Each line below from the one containing "D. When she gets into the cab." through the one containing "D. She is fighting off attackers." should be output exactly as it stands, and no other line should appear.
++++ Records for the exercise
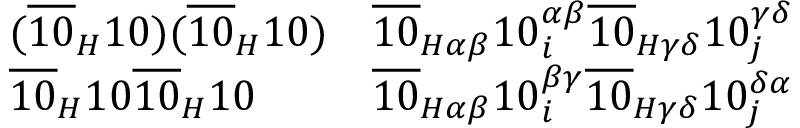<formula> <loc_0><loc_0><loc_500><loc_500>{ \begin{array} { l l } { ( { \overline { 1 0 } } _ { H } 1 0 ) ( { \overline { 1 0 } } _ { H } 1 0 ) } & { { \overline { 1 0 } } _ { H \alpha \beta } 1 0 _ { i } ^ { \alpha \beta } { \overline { 1 0 } } _ { H \gamma \delta } 1 0 _ { j } ^ { \gamma \delta } } \\ { { \overline { 1 0 } } _ { H } 1 0 { \overline { 1 0 } } _ { H } 1 0 } & { { \overline { 1 0 } } _ { H \alpha \beta } 1 0 _ { i } ^ { \beta \gamma } { \overline { 1 0 } } _ { H \gamma \delta } 1 0 _ { j } ^ { \delta \alpha } } \end{array} }</formula> 
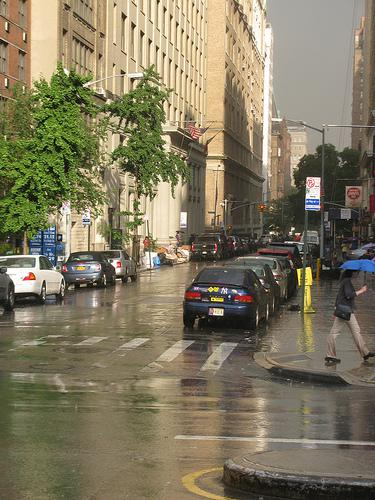Question: what is making the street shiny?
Choices:
A. An oil slick.
B. Ice.
C. Glitter left from the parade.
D. Rain.
Answer with the letter. Answer: D Question: when will the woman close the umbrella?
Choices:
A. When she goes indoors.
B. When it stops raining.
C. When she gets on the bus.
D. When she gets into the cab.
Answer with the letter. Answer: B Question: what color is the sky?
Choices:
A. Dark blue.
B. Pale blue.
C. A deep grey.
D. Pink and red.
Answer with the letter. Answer: C Question: why is the woman using an umbrella?
Choices:
A. It is very sunny.
B. The flock of birds are making droppings.
C. It is raining.
D. She is fighting off attackers.
Answer with the letter. Answer: C Question: who is looking at this scene?
Choices:
A. The police officer.
B. The photographer.
C. The movie director.
D. The firefighters.
Answer with the letter. Answer: B 
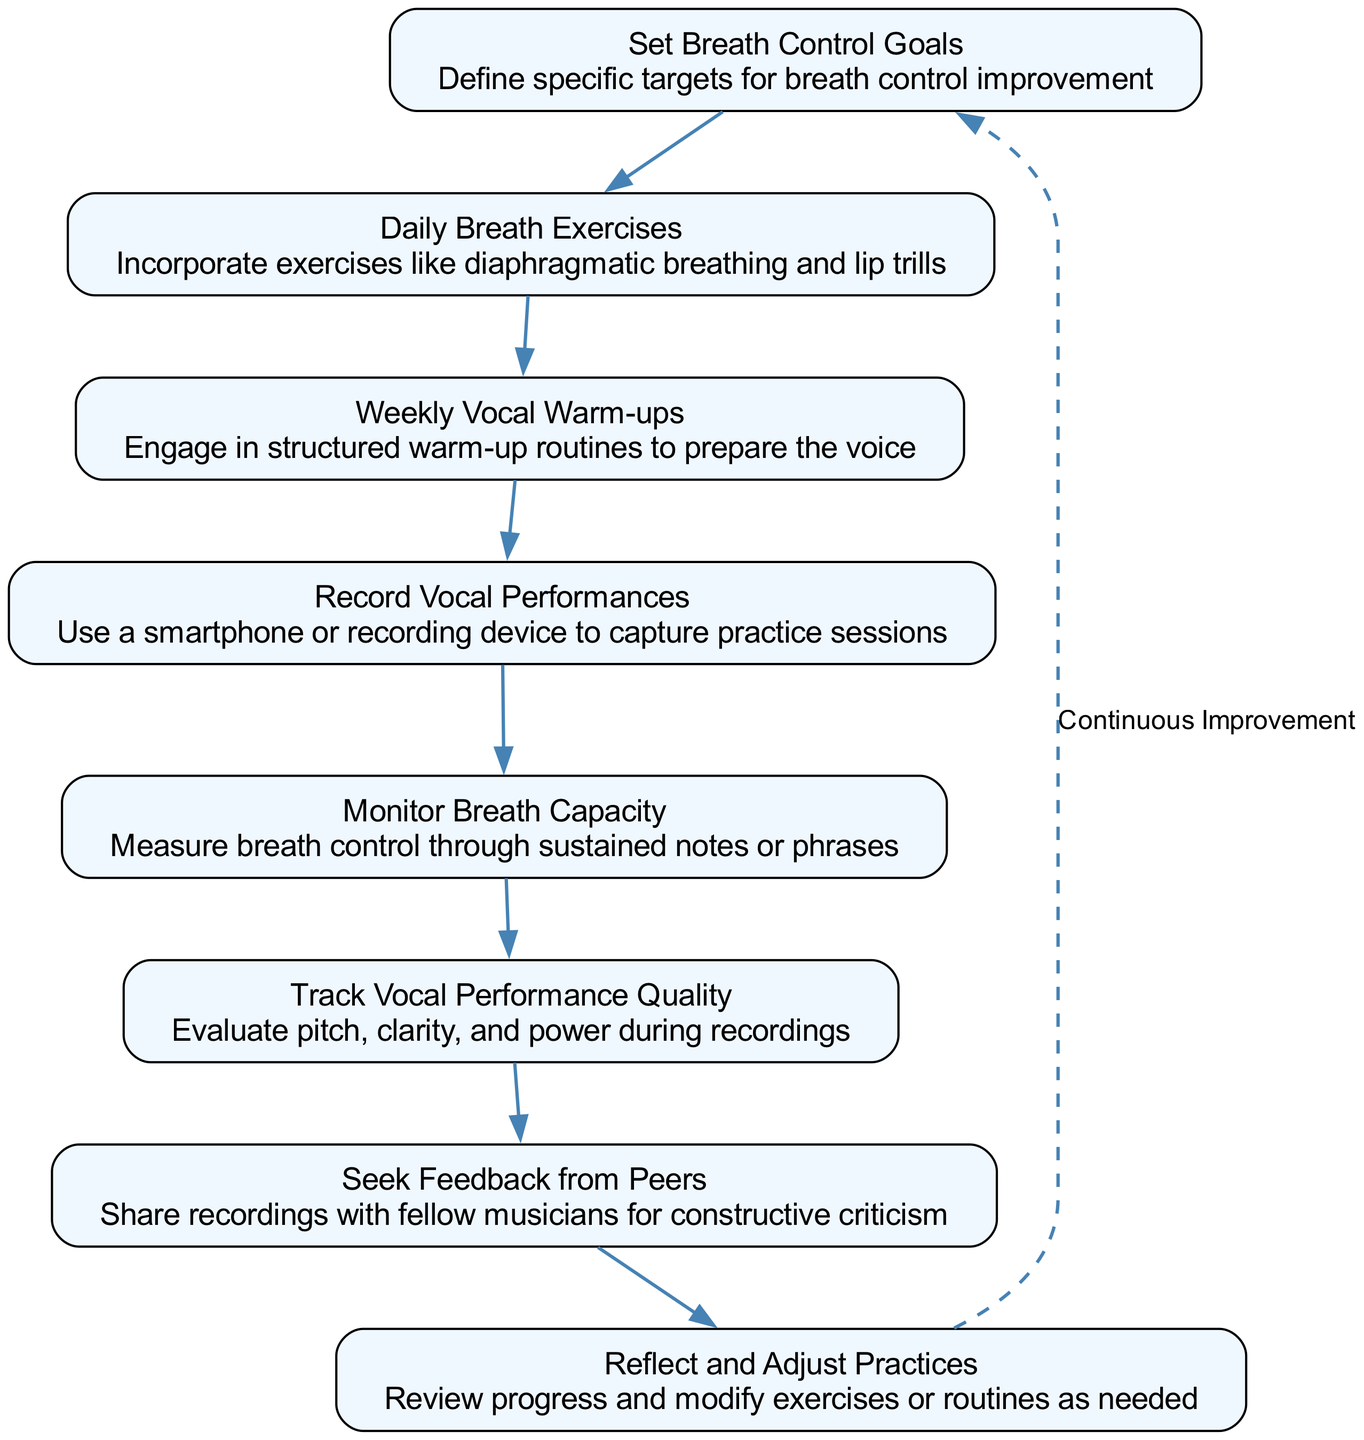What is the first node in the flow chart? The first node in the flow chart is labeled "Set Breath Control Goals." This is evident as it is the topmost element in the diagram, indicating the starting point of the process to track breath control and vocal performance.
Answer: Set Breath Control Goals How many elements are in the flow chart? By counting the nodes presented in the diagram, there are a total of eight distinct elements. Each of these represents a step in tracking breath control and vocal performance.
Answer: Eight What is the last step in the flow chart? The last step in the flow chart is "Reflect and Adjust Practices." It is the last element before cycling back to the first node in the process, indicating continuous improvement.
Answer: Reflect and Adjust Practices Which nodes directly follow the "Daily Breath Exercises"? The node that directly follows "Daily Breath Exercises" is "Weekly Vocal Warm-ups." This can be determined by observing the arrows that connect the nodes in the flowchart, showing the progression of steps.
Answer: Weekly Vocal Warm-ups What is indicated by the dashed line in the diagram? The dashed line in the diagram indicates a cycle from the last node back to the first node, illustrating the concept of "Continuous Improvement" in the process. This means the process is iterative and allows for repeated assessment and adjustments.
Answer: Continuous Improvement Which activity involves measuring breath control? The activity that involves measuring breath control is "Monitor Breath Capacity." It specifically focuses on assessing breath control through exercises like sustained notes or phrases, as indicated in the description.
Answer: Monitor Breath Capacity What type of feedback is encouraged according to the flow chart? The flow chart encourages "Seek Feedback from Peers," which emphasizes the importance of sharing recordings with fellow musicians to obtain constructive criticism for improvement.
Answer: Seek Feedback from Peers What do "Record Vocal Performances" and "Track Vocal Performance Quality" have in common? Both "Record Vocal Performances" and "Track Vocal Performance Quality" involve evaluating the sound produced during vocal practices. The first step captures audio, while the second step focuses on evaluating the captured audio for quality aspects like pitch and clarity.
Answer: Evaluation of vocal sound 
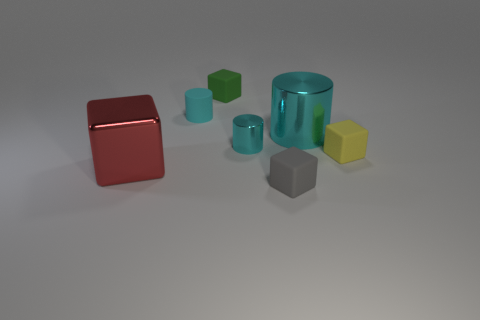What number of other objects are there of the same color as the rubber cylinder?
Your answer should be very brief. 2. How many other objects are the same material as the big red block?
Make the answer very short. 2. Do the green cube and the cyan matte object have the same size?
Make the answer very short. Yes. How many objects are tiny objects in front of the small matte cylinder or green matte blocks?
Offer a terse response. 4. What material is the large thing in front of the small rubber block that is to the right of the tiny gray rubber block made of?
Ensure brevity in your answer.  Metal. Is there a tiny yellow matte thing that has the same shape as the green object?
Keep it short and to the point. Yes. Do the yellow rubber thing and the cyan cylinder in front of the big cylinder have the same size?
Give a very brief answer. Yes. What number of objects are either small things in front of the shiny block or big things that are on the left side of the tiny shiny thing?
Provide a short and direct response. 2. Is the number of small things in front of the red metal cube greater than the number of red cubes?
Provide a succinct answer. No. What number of yellow objects are the same size as the yellow matte cube?
Ensure brevity in your answer.  0. 
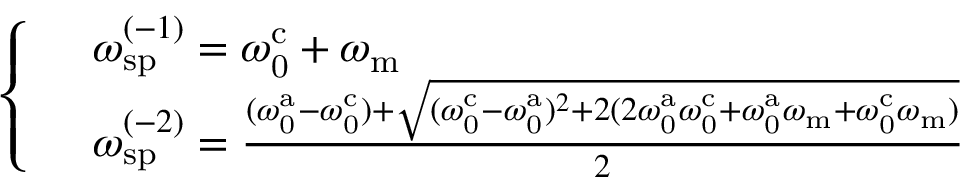<formula> <loc_0><loc_0><loc_500><loc_500>\begin{array} { r l } & { \left \{ \begin{array} { l l } & { \omega _ { s p } ^ { ( - 1 ) } = \omega _ { 0 } ^ { c } + \omega _ { m } } \\ & { \omega _ { s p } ^ { ( - 2 ) } = \frac { ( \omega _ { 0 } ^ { a } - \omega _ { 0 } ^ { c } ) + \sqrt { ( \omega _ { 0 } ^ { c } - \omega _ { 0 } ^ { a } ) ^ { 2 } + 2 ( 2 \omega _ { 0 } ^ { a } \omega _ { 0 } ^ { c } + \omega _ { 0 } ^ { a } \omega _ { m } + \omega _ { 0 } ^ { c } \omega _ { m } ) } } { 2 } } \end{array} } \end{array}</formula> 
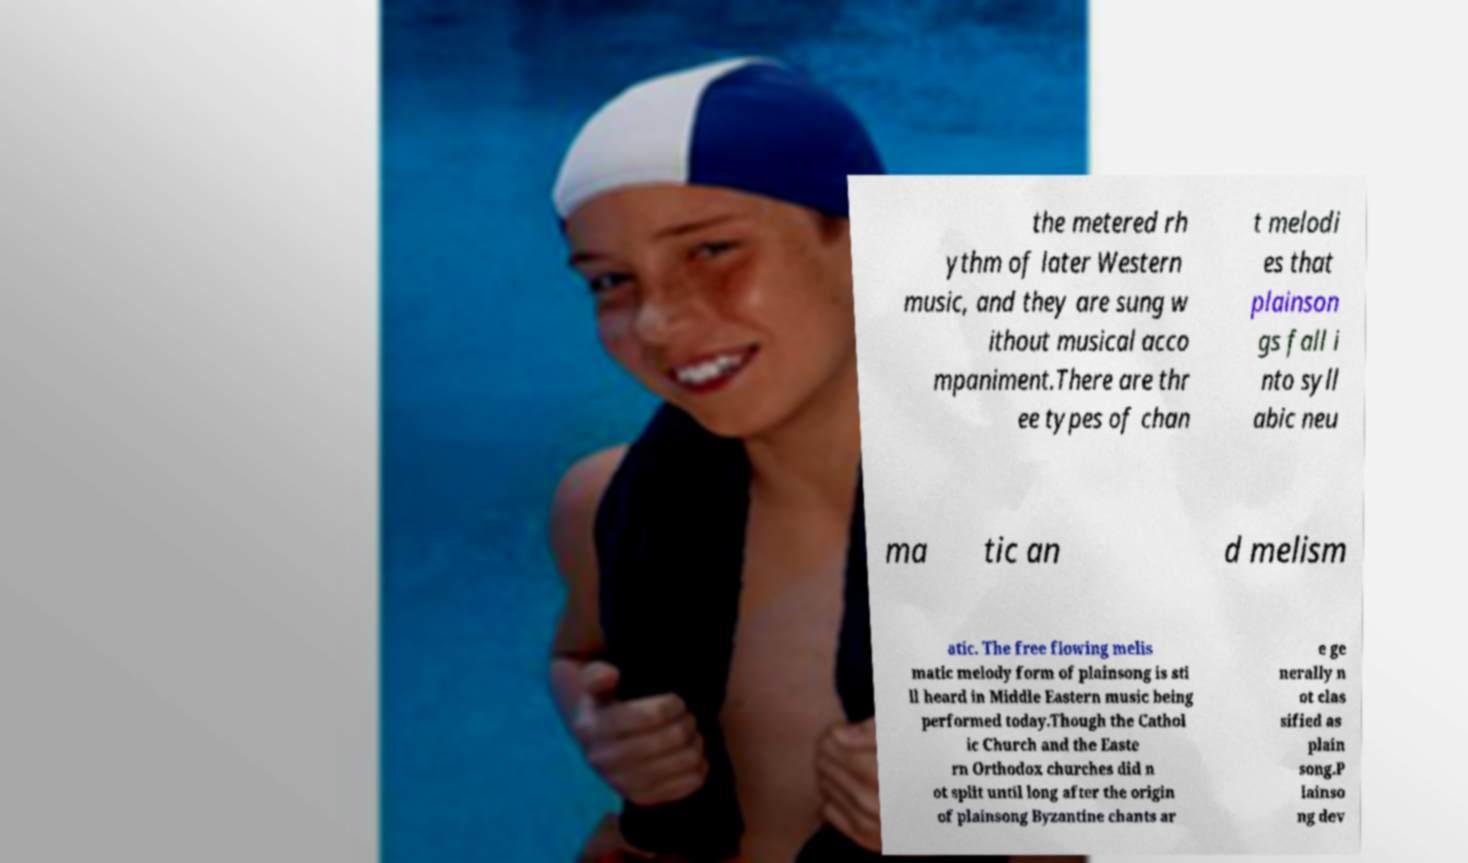Could you assist in decoding the text presented in this image and type it out clearly? the metered rh ythm of later Western music, and they are sung w ithout musical acco mpaniment.There are thr ee types of chan t melodi es that plainson gs fall i nto syll abic neu ma tic an d melism atic. The free flowing melis matic melody form of plainsong is sti ll heard in Middle Eastern music being performed today.Though the Cathol ic Church and the Easte rn Orthodox churches did n ot split until long after the origin of plainsong Byzantine chants ar e ge nerally n ot clas sified as plain song.P lainso ng dev 
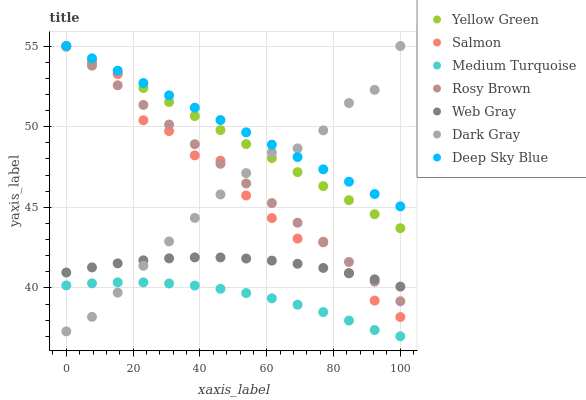Does Medium Turquoise have the minimum area under the curve?
Answer yes or no. Yes. Does Deep Sky Blue have the maximum area under the curve?
Answer yes or no. Yes. Does Yellow Green have the minimum area under the curve?
Answer yes or no. No. Does Yellow Green have the maximum area under the curve?
Answer yes or no. No. Is Rosy Brown the smoothest?
Answer yes or no. Yes. Is Salmon the roughest?
Answer yes or no. Yes. Is Yellow Green the smoothest?
Answer yes or no. No. Is Yellow Green the roughest?
Answer yes or no. No. Does Medium Turquoise have the lowest value?
Answer yes or no. Yes. Does Yellow Green have the lowest value?
Answer yes or no. No. Does Deep Sky Blue have the highest value?
Answer yes or no. Yes. Does Salmon have the highest value?
Answer yes or no. No. Is Salmon less than Deep Sky Blue?
Answer yes or no. Yes. Is Salmon greater than Medium Turquoise?
Answer yes or no. Yes. Does Dark Gray intersect Medium Turquoise?
Answer yes or no. Yes. Is Dark Gray less than Medium Turquoise?
Answer yes or no. No. Is Dark Gray greater than Medium Turquoise?
Answer yes or no. No. Does Salmon intersect Deep Sky Blue?
Answer yes or no. No. 
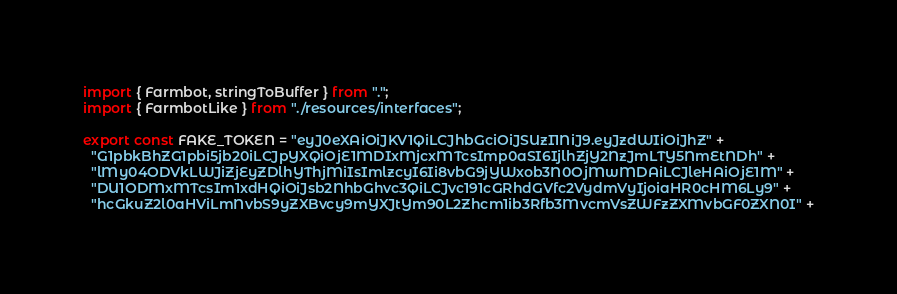<code> <loc_0><loc_0><loc_500><loc_500><_TypeScript_>import { Farmbot, stringToBuffer } from ".";
import { FarmbotLike } from "./resources/interfaces";

export const FAKE_TOKEN = "eyJ0eXAiOiJKV1QiLCJhbGciOiJSUzI1NiJ9.eyJzdWIiOiJhZ" +
  "G1pbkBhZG1pbi5jb20iLCJpYXQiOjE1MDIxMjcxMTcsImp0aSI6IjlhZjY2NzJmLTY5NmEtNDh" +
  "lMy04ODVkLWJiZjEyZDlhYThjMiIsImlzcyI6Ii8vbG9jYWxob3N0OjMwMDAiLCJleHAiOjE1M" +
  "DU1ODMxMTcsIm1xdHQiOiJsb2NhbGhvc3QiLCJvc191cGRhdGVfc2VydmVyIjoiaHR0cHM6Ly9" +
  "hcGkuZ2l0aHViLmNvbS9yZXBvcy9mYXJtYm90L2Zhcm1ib3Rfb3MvcmVsZWFzZXMvbGF0ZXN0I" +</code> 
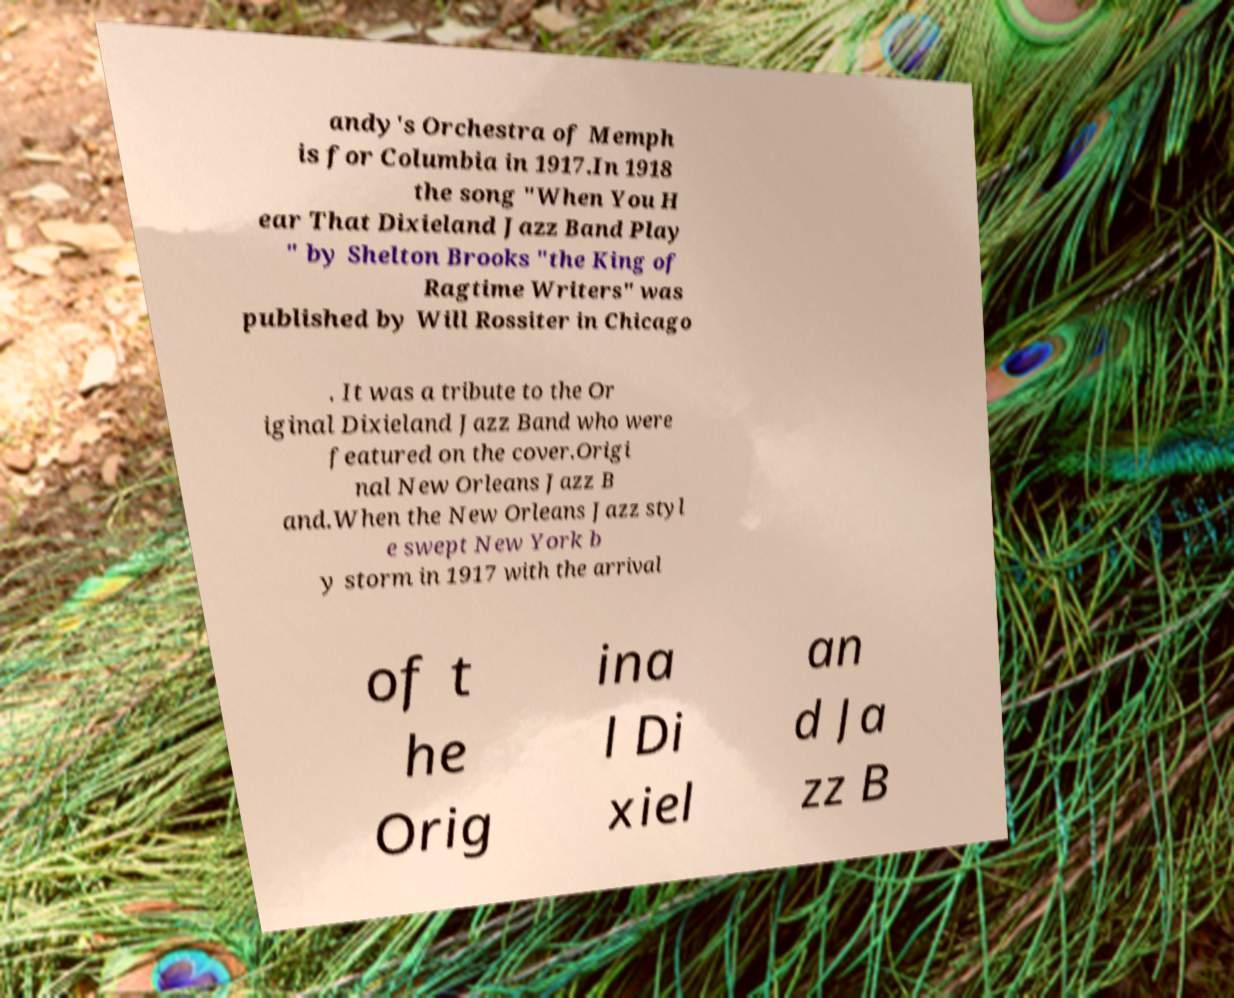Please read and relay the text visible in this image. What does it say? andy's Orchestra of Memph is for Columbia in 1917.In 1918 the song "When You H ear That Dixieland Jazz Band Play " by Shelton Brooks "the King of Ragtime Writers" was published by Will Rossiter in Chicago . It was a tribute to the Or iginal Dixieland Jazz Band who were featured on the cover.Origi nal New Orleans Jazz B and.When the New Orleans Jazz styl e swept New York b y storm in 1917 with the arrival of t he Orig ina l Di xiel an d Ja zz B
++++++++
◆ Exercise answer
D. When she gets into the cab.
Answer with the letter. Answer: B Question: what color is the sky?
Choices:
A. Dark blue.
B. Pale blue.
C. A deep grey.
D. Pink and red.
Answer with the letter. Answer: C Question: why is the woman using an umbrella?
Choices:
A. It is very sunny.
B. The flock of birds are making droppings.
C. It is raining.
D. She is fighting off attackers.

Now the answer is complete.